And now for something REALLY scary...
I spent Saturday morning in Manitou Springs, Colorado at the Annual Emma Crawford Coffin Race where I joined several thousand people to watch an hour of white-knuckle competitive racing featuring three dozen homemade coffins on wheels.
I learned a lot while I was there.
For instance, I learned that the real Emma Crawford lived in Manitou until her untimely death in 1890 and that--when her dying request was to be buried at the top of Red Mountain--her fiance and eleven other men worked in shifts to carry her remains 7200 feet to the summit. After nearly forty years of rain and erosion, the granite at the top of the peak gave way and Emma's bones washed down the side of the mountain. She's buried now in Manitou. No wonder coffins on wheels are the theme of an event honoring a woman who traveled as much after death as she did.

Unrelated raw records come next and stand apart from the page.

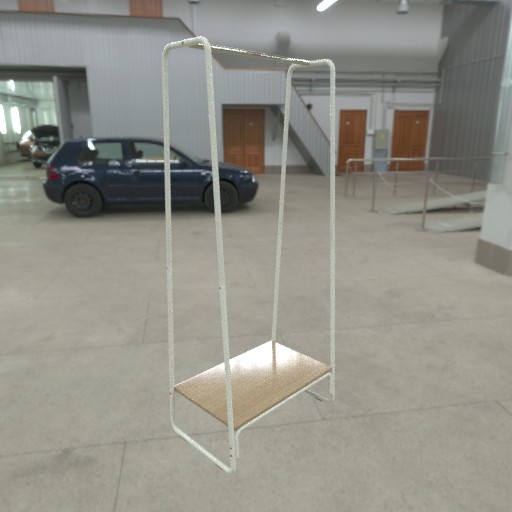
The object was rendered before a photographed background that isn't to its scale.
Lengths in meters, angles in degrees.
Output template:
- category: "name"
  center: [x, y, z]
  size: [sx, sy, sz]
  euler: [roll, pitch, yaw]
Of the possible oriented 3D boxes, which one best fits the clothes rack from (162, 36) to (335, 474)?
- category: "clothes rack"
  center: [0.000, 0.000, 1.774]
  size: [0.400, 1.500, 0.640]
  euler: [15, 22, 43]
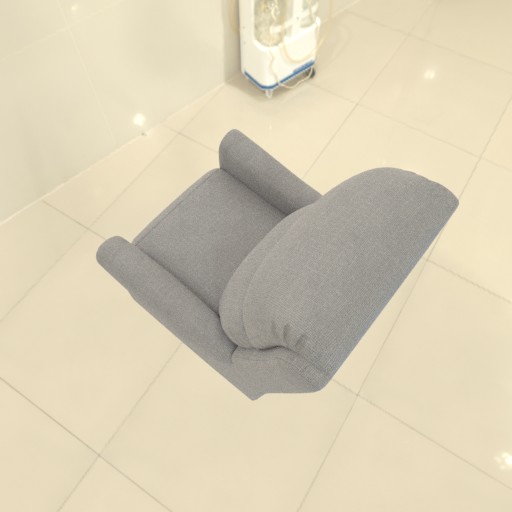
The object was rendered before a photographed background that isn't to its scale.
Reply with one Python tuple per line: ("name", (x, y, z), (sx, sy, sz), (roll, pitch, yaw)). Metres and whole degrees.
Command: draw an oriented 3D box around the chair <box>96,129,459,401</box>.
("chair", (0.000, 0.000, 1.741), (1.014, 1.054, 0.838), (36, 68, 17))
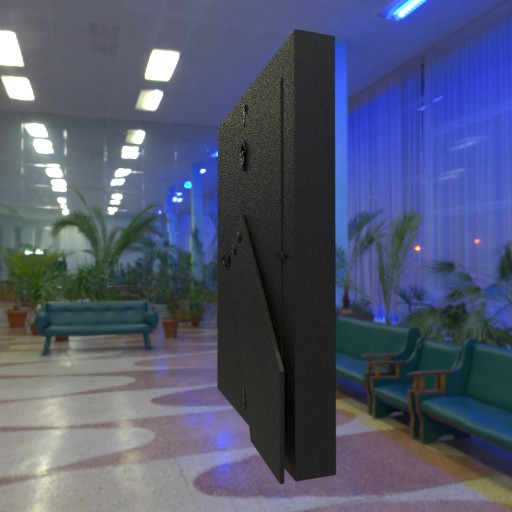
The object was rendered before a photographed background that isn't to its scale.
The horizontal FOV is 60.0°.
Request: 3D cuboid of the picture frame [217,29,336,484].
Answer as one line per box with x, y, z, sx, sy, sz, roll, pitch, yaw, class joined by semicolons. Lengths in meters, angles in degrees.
0.000;0.000;0.280;0.028;0.208;0.157;0;-1;-18;picture frame
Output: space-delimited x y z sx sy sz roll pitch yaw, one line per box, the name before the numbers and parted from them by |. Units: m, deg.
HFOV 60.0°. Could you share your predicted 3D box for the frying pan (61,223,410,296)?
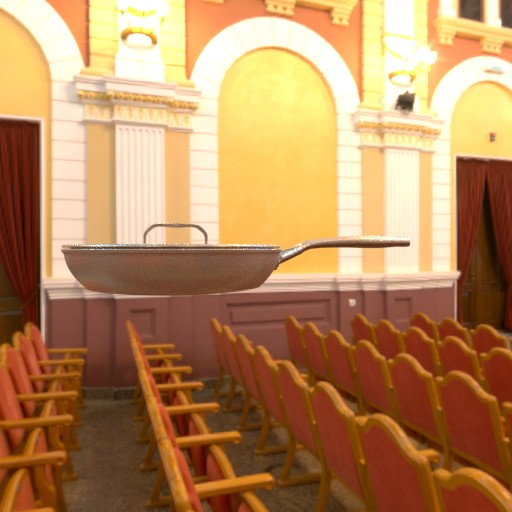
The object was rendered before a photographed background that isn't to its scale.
frying pan | 0.000 0.000 0.607 0.490 0.086 0.272 0 1 -19
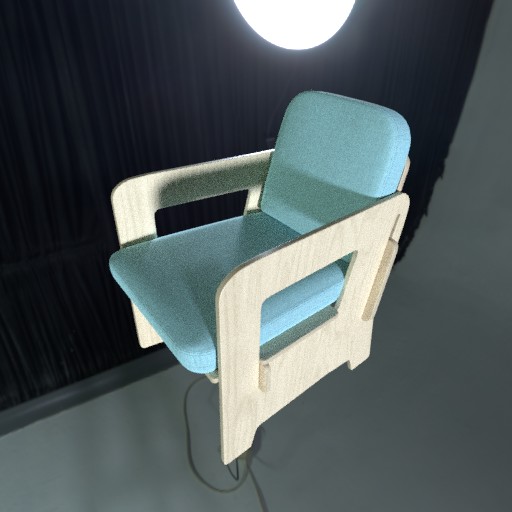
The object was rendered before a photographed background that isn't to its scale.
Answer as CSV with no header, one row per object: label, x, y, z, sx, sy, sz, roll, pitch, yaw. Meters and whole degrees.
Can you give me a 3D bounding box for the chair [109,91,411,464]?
chair,0.000,0.000,1.270,0.710,0.800,0.590,-21,37,-30
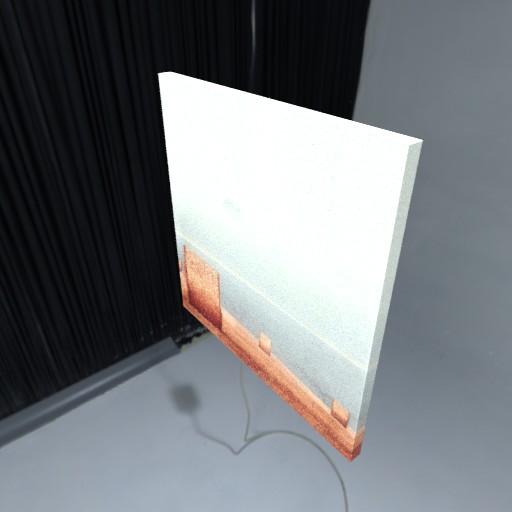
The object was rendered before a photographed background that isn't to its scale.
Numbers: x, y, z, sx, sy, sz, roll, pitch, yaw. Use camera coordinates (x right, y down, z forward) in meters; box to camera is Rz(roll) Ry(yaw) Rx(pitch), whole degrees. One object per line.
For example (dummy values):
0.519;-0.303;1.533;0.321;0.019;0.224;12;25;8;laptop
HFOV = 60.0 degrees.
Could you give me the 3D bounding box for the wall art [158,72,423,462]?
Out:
0.000;0.000;1.105;0.042;0.760;0.760;-23;38;-32;wall art
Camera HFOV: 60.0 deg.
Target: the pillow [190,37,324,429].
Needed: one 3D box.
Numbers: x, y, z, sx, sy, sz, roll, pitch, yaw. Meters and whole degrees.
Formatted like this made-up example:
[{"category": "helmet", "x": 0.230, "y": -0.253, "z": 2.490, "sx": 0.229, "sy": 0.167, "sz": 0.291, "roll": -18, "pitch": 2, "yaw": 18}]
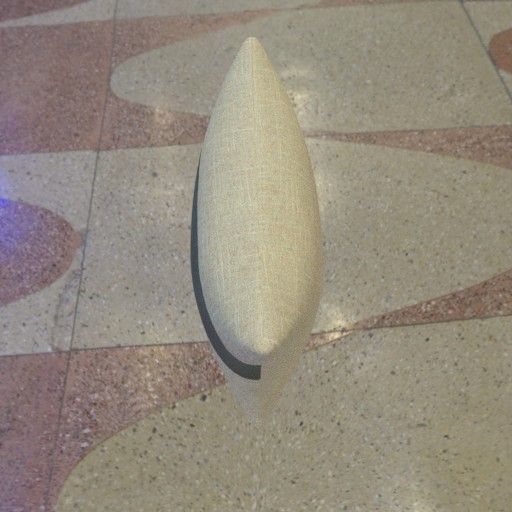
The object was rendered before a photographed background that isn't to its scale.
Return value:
[{"category": "pillow", "x": 0.000, "y": 0.000, "z": 0.626, "sx": 0.173, "sy": 0.399, "sz": 0.414, "roll": -1, "pitch": 60, "yaw": -1}]
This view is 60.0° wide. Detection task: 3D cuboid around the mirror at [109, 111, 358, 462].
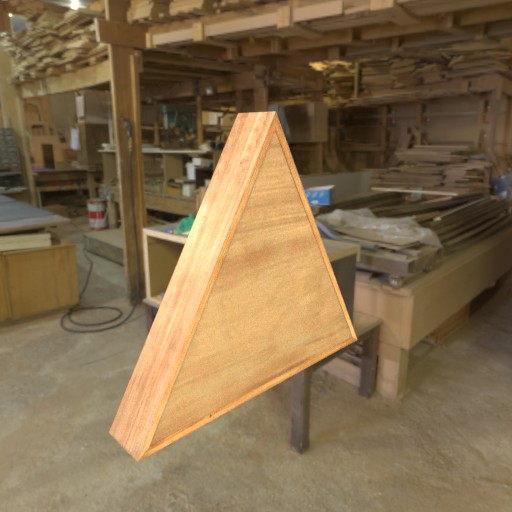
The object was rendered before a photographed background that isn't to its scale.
[{"bbox_3d":[0.000,0.000,0.888,0.631,0.548,0.100,-14,21,-42],"label":"mirror"}]
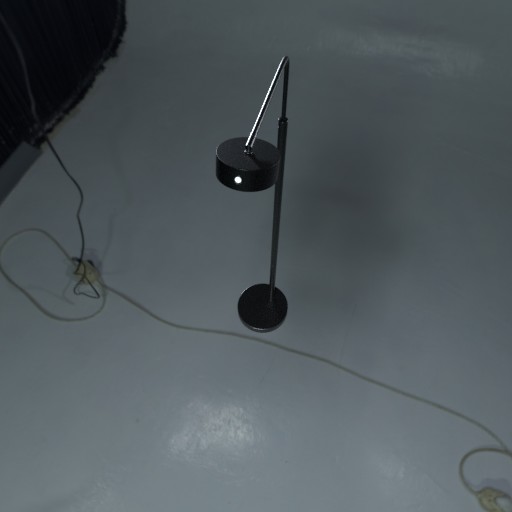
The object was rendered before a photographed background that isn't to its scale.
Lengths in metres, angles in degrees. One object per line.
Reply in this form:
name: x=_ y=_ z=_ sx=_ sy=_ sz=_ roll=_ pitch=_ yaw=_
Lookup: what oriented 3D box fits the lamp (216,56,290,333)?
lamp: x=0.000 y=0.000 z=1.382 sx=0.219 sy=1.230 sz=0.418 roll=15 pitch=60 yaw=9
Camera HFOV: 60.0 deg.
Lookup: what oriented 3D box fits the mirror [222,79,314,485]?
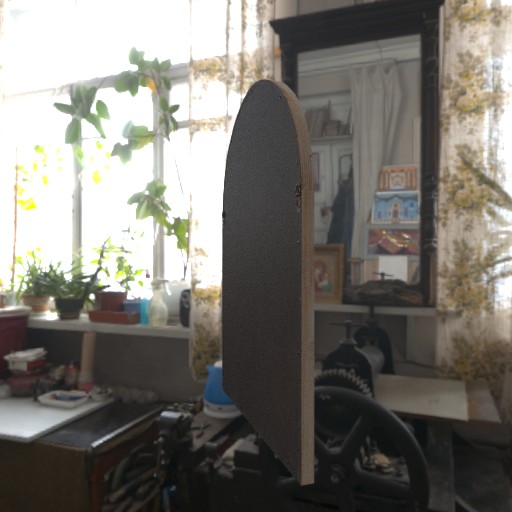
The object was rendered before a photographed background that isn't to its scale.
[{"bbox_3d":[0.000,0.000,1.207,0.032,0.920,0.660,0,1,-18],"label":"mirror"}]
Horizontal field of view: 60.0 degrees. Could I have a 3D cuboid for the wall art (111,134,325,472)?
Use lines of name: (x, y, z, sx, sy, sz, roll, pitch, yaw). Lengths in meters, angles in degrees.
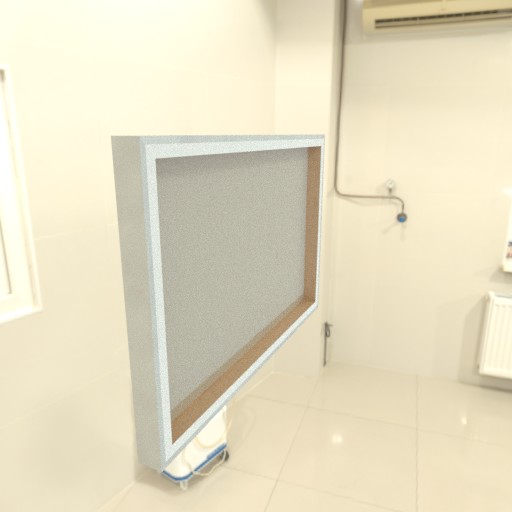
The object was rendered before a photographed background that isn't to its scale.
wall art: (0.000, 0.000, 0.772, 0.038, 0.407, 0.609, 7, 17, 25)
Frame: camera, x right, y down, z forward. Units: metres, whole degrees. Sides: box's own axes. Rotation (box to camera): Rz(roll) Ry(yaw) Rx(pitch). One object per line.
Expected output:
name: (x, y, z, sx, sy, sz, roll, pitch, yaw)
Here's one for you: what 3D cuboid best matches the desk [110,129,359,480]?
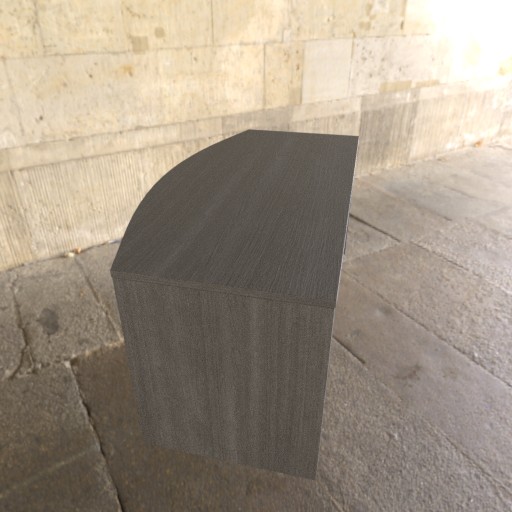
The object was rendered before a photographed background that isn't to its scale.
desk: (0.000, 0.000, 2.066, 0.802, 0.750, 1.600, 7, 31, 12)
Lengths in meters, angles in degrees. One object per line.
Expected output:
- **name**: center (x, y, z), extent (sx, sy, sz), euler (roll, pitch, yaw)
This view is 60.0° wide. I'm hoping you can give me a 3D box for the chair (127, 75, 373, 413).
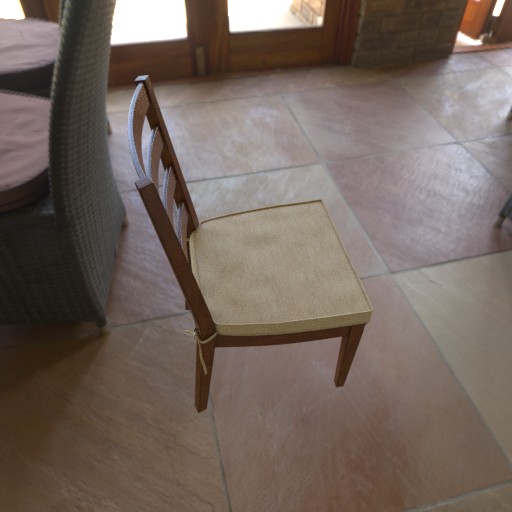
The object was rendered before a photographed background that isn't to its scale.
- **chair**: center (0.000, 0.000, 1.391), extent (0.595, 0.979, 0.593), euler (-8, 46, -7)
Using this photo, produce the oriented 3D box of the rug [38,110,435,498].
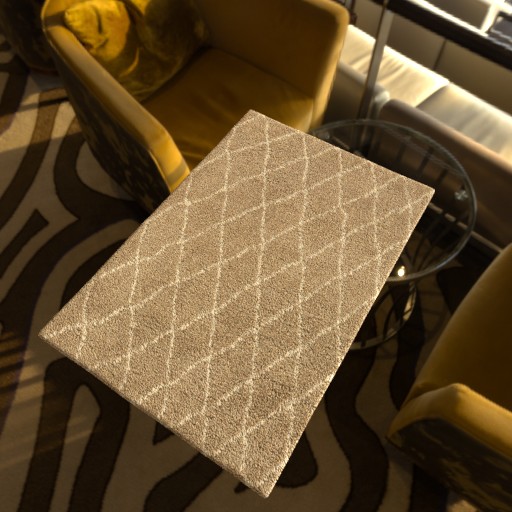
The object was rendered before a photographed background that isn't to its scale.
[{"bbox_3d":[0.000,0.000,2.229,1.219,0.030,1.778,28,63,16],"label":"rug"}]
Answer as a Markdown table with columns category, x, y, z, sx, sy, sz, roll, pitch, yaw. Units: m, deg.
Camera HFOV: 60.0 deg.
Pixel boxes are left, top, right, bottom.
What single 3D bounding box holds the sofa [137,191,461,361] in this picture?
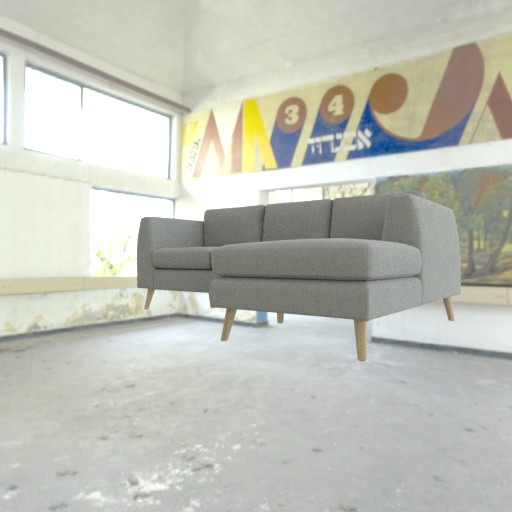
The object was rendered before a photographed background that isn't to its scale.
| category | x | y | z | sx | sy | sz | roll | pitch | yaw |
| --- | --- | --- | --- | --- | --- | --- | --- | --- | --- |
| sofa | 0.000 | 0.000 | 3.026 | 2.300 | 0.860 | 1.580 | 0 | -1 | 37 |
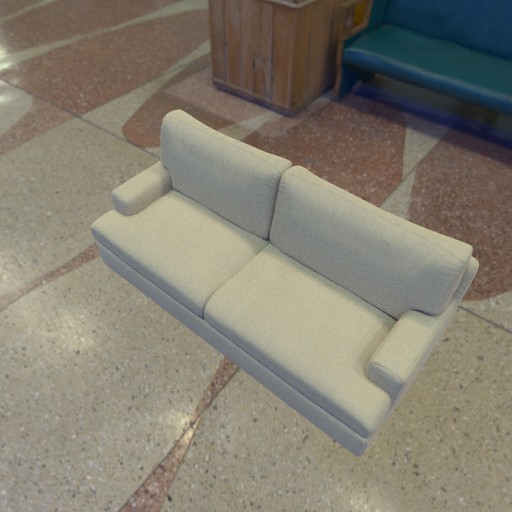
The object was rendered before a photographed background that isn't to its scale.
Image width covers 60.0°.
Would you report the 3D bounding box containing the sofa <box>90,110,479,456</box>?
[{"bbox_3d":[0.000,0.000,2.623,2.147,0.925,0.929,31,54,26],"label":"sofa"}]
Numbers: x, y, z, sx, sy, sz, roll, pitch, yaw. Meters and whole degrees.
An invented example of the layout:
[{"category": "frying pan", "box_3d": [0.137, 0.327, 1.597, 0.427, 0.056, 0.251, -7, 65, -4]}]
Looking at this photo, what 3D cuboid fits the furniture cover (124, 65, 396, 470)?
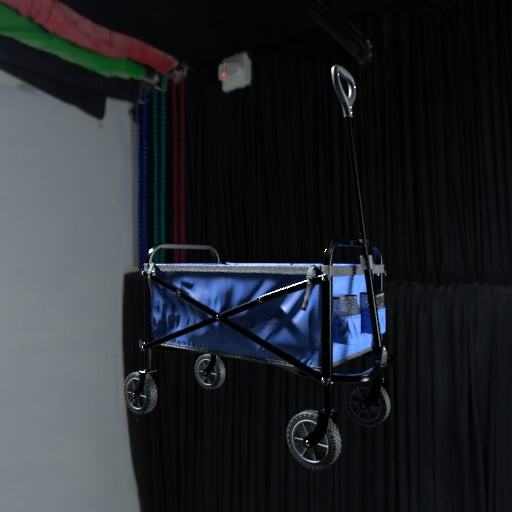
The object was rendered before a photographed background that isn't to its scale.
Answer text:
[{"category": "furniture cover", "box_3d": [0.000, 0.000, 1.749, 1.038, 1.295, 0.532, 0, 0, 36]}]
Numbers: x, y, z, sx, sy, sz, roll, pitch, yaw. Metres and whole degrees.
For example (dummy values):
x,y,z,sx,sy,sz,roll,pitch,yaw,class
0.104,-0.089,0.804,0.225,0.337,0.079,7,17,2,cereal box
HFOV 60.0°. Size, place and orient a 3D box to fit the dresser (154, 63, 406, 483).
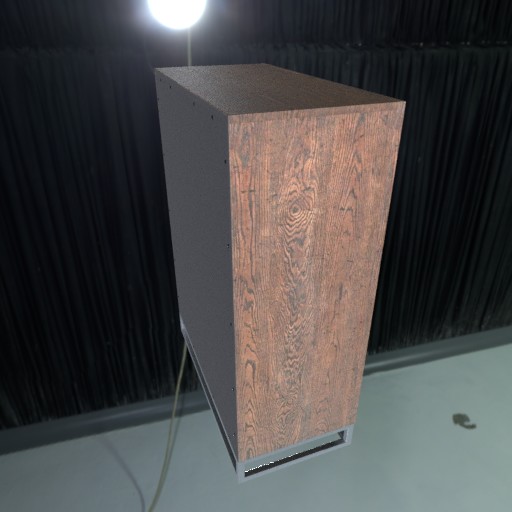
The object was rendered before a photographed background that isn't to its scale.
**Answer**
x,y,z,sx,sy,sz,roll,pitch,yaw,class
0.000,0.000,1.781,0.508,1.321,0.965,-11,31,-18,dresser
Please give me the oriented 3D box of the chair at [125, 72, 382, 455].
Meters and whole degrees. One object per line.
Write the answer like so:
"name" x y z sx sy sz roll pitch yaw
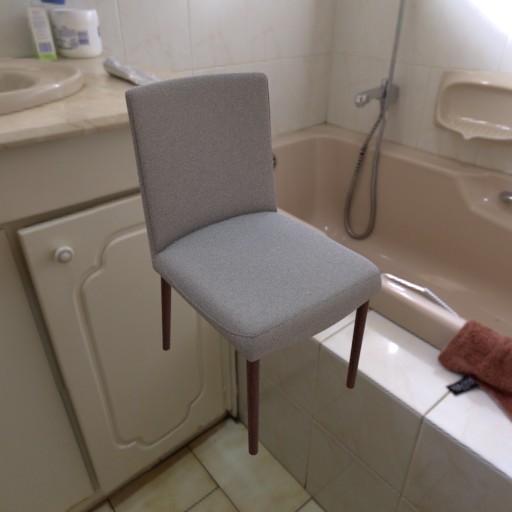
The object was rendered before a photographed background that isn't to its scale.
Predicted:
"chair" 0.000 0.000 1.215 0.456 0.859 0.570 -21 37 -31
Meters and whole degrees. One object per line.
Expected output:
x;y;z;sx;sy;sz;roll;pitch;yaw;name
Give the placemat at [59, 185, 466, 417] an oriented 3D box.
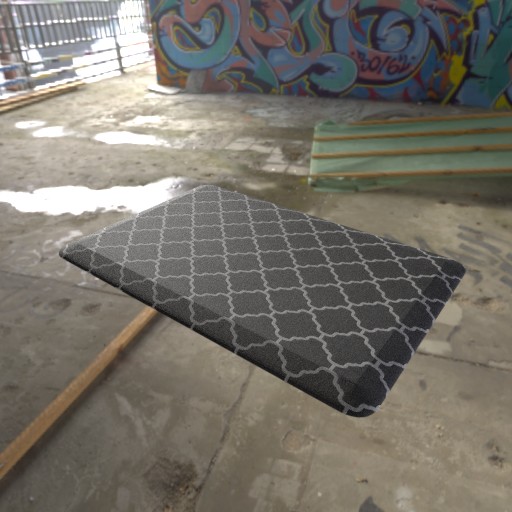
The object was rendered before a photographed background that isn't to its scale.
0.000;0.000;0.964;0.762;0.021;0.508;21;37;31;placemat
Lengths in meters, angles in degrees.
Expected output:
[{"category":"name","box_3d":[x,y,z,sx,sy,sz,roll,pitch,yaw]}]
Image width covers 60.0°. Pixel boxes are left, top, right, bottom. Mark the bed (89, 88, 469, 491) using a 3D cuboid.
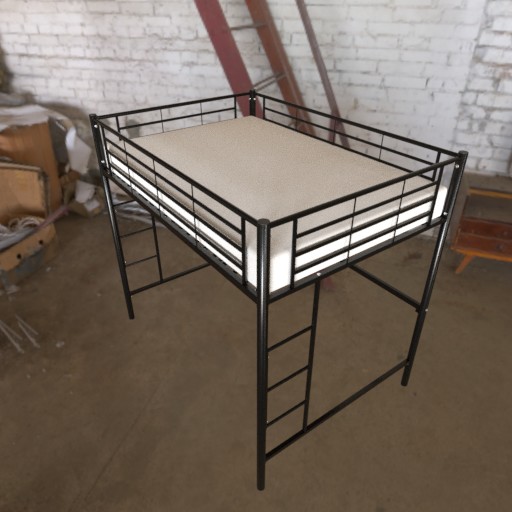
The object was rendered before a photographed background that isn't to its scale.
[{"category":"bed","box_3d":[0.000,0.000,3.182,1.397,1.803,1.994,-21,38,-30]}]
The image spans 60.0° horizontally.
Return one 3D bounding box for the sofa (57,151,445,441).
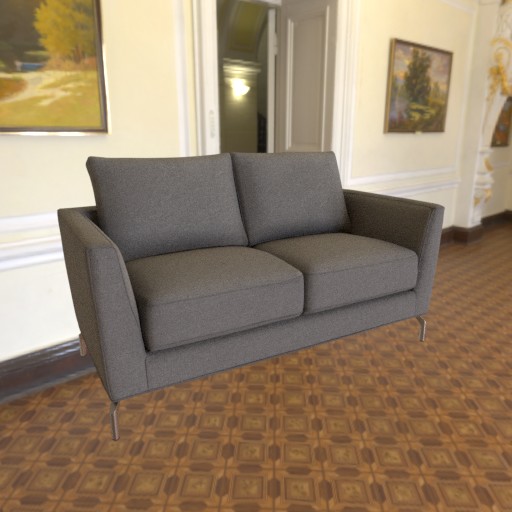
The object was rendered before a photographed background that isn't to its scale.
[{"bbox_3d":[0.000,0.000,2.069,1.594,0.924,0.803,-9,18,-28],"label":"sofa"}]
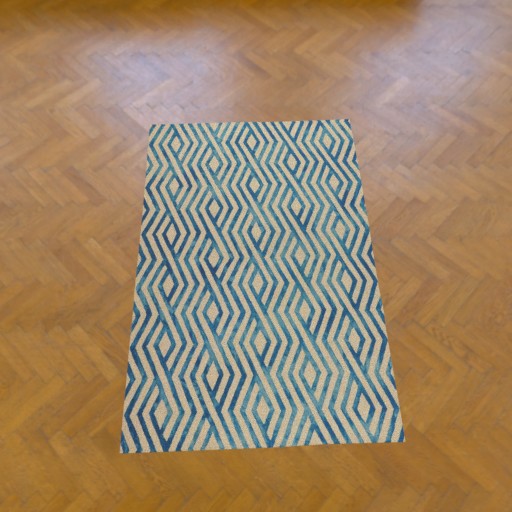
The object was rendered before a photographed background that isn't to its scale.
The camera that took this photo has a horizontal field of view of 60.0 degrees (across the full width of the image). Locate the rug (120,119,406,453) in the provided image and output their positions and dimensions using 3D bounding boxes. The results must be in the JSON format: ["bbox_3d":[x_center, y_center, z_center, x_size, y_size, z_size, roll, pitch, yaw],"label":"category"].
[{"bbox_3d":[0.000,0.000,2.297,1.225,0.008,1.830,-2,63,-1],"label":"rug"}]
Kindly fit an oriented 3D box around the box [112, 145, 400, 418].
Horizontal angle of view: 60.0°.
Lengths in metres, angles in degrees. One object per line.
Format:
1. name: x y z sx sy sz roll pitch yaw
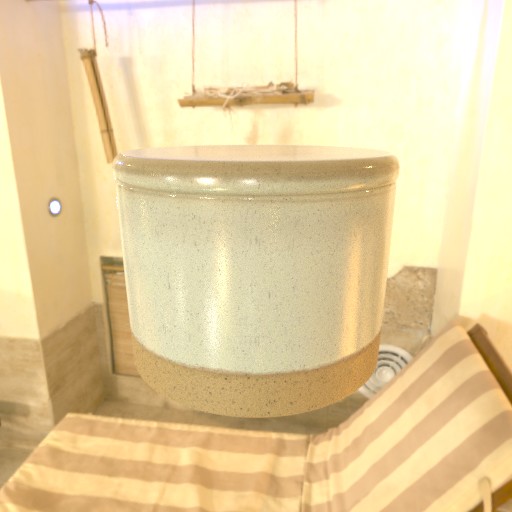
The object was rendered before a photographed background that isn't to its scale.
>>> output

But that's not all I learned.
When one of the coffin racing teams consisted of 12 men dressed like Elvis, I was informed that a single man dressed like The King is called an "Elvis" but more than one are referred to as "Elvii." This is because "Elvii" has been officially designated as the plural form of the word Elvis.
I don't know what's scarier: The fact that I've lived 47 years without this crucial bit of information, or the fact that there's even a need to come up with a plural form of the word Elvis.